A gel pad with/or without a sheepskin is an alternative.
They cost around $100 AUS.

Liz.


----------



## luvs2ride1979 (Nov 9, 2007)

Gel just bottoms out under pressure points. It really doesn't do any good for anything but a well fitting saddle, or a saddle that's too wide.


----------



## Vidaloco (Sep 14, 2007)

I don't have any photos with just the saddle and it snowed yesterday so Vida is all wet and sloppy :-( 
Here is a photo of her back right after I took the saddle off and she rolled in the dust so you can really see the dry spots
I assumed the saddle was to big. Skito is an open cell foam and is very similar to the Thinline. I sent them this and several other photos and they sent me shims for the front of the saddle. Basicly adding thickness to the dry areas. Adding them only seemed to increase the dry area. Is that a good thing? 
The 1" of felt on the PRS pad was a concern of mine too. It seems awfully thick.

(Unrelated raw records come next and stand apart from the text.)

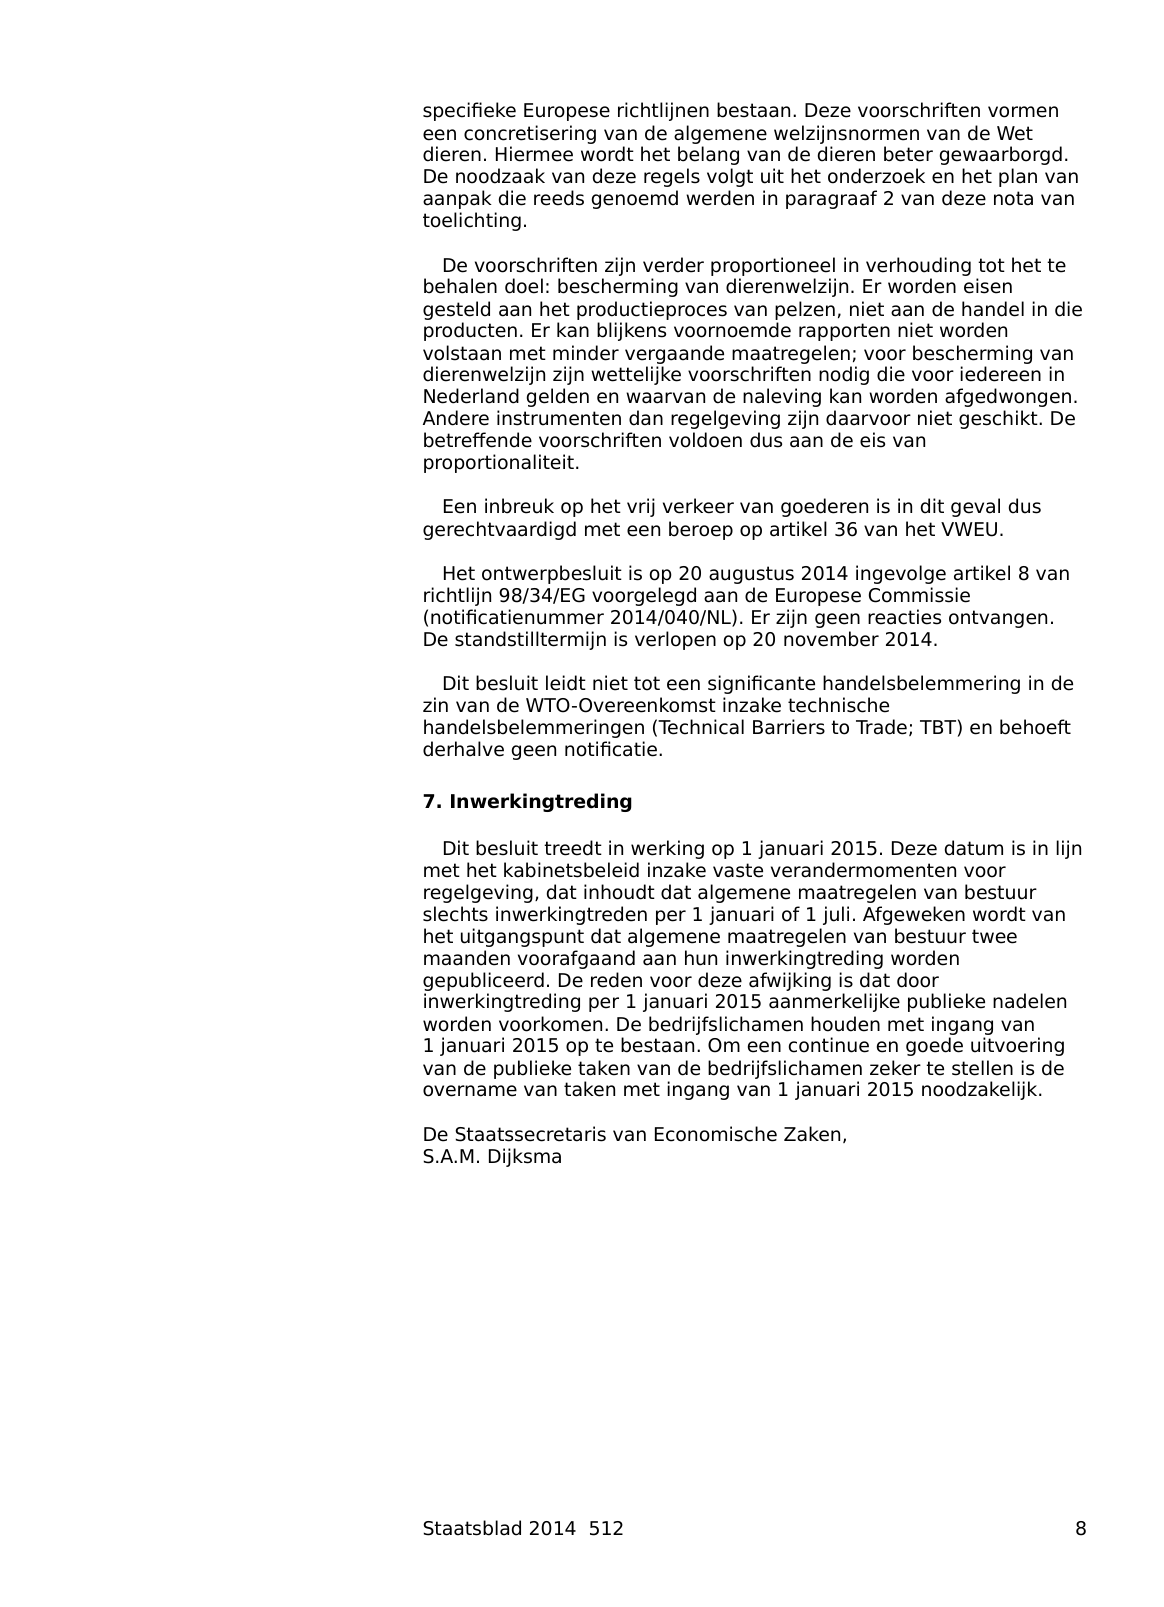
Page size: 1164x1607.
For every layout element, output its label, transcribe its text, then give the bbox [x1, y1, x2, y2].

text specifieke Europese richtlijnen bestaan. Deze voorschriften vormen een concretisering van de algemene welzijnsnormen van de Wet dieren. Hiermee wordt het belang van de dieren beter gewaarborgd. De noodzaak van deze regels volgt uit het onderzoek en het plan van aanpak die reeds genoemd werden in paragraaf 2 van deze nota van toelichting. [422, 100, 1087, 232]
text Het ontwerpbesluit is op 20 augustus 2014 ingevolge artikel 8 van richtlijn 98/34/EG voorgelegd aan de Europese Commissie (notificatienummer 2014/040/NL). Er zijn geen reacties ontvangen. De standstilltermijn is verlopen op 20 november 2014. [422, 563, 1087, 651]
subtitle 7. Inwerkingtreding [422, 791, 1087, 813]
text De Staatssecretaris van Economische Zaken, S.A.M. Dijksma [422, 1123, 1087, 1167]
text Een inbreuk op het vrij verkeer van goederen is in dit geval dus gerechtvaardigd met een beroep op artikel 36 van het VWEU. [422, 496, 1087, 540]
text Dit besluit leidt niet tot een significante handelsbelemmering in de zin van de WTO-Overeenkomst inzake technische handelsbelemmeringen (Technical Barriers to Trade; TBT) en behoeft derhalve geen notificatie. [422, 673, 1087, 761]
text Dit besluit treedt in werking op 1 januari 2015. Deze datum is in lijn met het kabinetsbeleid inzake vaste verandermomenten voor regelgeving, dat inhoudt dat algemene maatregelen van bestuur slechts inwerkingtreden per 1 januari of 1 juli. Afgeweken wordt van het uitgangspunt dat algemene maatregelen van bestuur twee maanden voorafgaand aan hun inwerkingtreding worden gepubliceerd. De reden voor deze afwijking is dat door inwerkingtreding per 1 januari 2015 aanmerkelijke publieke nadelen worden voorkomen. De bedrijfslichamen houden met ingang van 1 januari 2015 op te bestaan. Om een continue en goede uitvoering van de publieke taken van de bedrijfslichamen zeker te stellen is de overname van taken met ingang van 1 januari 2015 noodzakelijk. [422, 838, 1087, 1101]
text De voorschriften zijn verder proportioneel in verhouding tot het te behalen doel: bescherming van dierenwelzijn. Er worden eisen gesteld aan het productieproces van pelzen, niet aan de handel in die producten. Er kan blijkens voornoemde rapporten niet worden volstaan met minder vergaande maatregelen; voor bescherming van dierenwelzijn zijn wettelijke voorschriften nodig die voor iedereen in Nederland gelden en waarvan de naleving kan worden afgedwongen. Andere instrumenten dan regelgeving zijn daarvoor niet geschikt. De betreffende voorschriften voldoen dus aan de eis van proportionaliteit. [422, 254, 1087, 474]

The removal of padding at the dry spots seemed logical to me for some reason.


----------



## iridehorses (Oct 22, 2007)

Maureen, Those look like the dry spots that I was getting on my gelding. When I put a saddle on him it would be lower in the front then the back and the use of a buildup pad caused bridging and the dry spots. 

I used a 1" felt pad and carefully marked the areas where the saddle was not touching then sewed in additional felt. That was all done after trying 6 different saddles and a good fitter! Ultimately I bought a saddle with a 6 3/4" gullet and FQH bars which worked. 

He finally gained weight and muscle no longer needing the build up. There is still a little dryness but no saddle will ever fit this guy perfectly.

Put your saddle on him and get your hand underneath. Try to feel where the dry spots are and if there is either too much space or if it's too tight at that spot.

Too tight and you really need to change the saddle, too much space and you can use shims to fill in the void.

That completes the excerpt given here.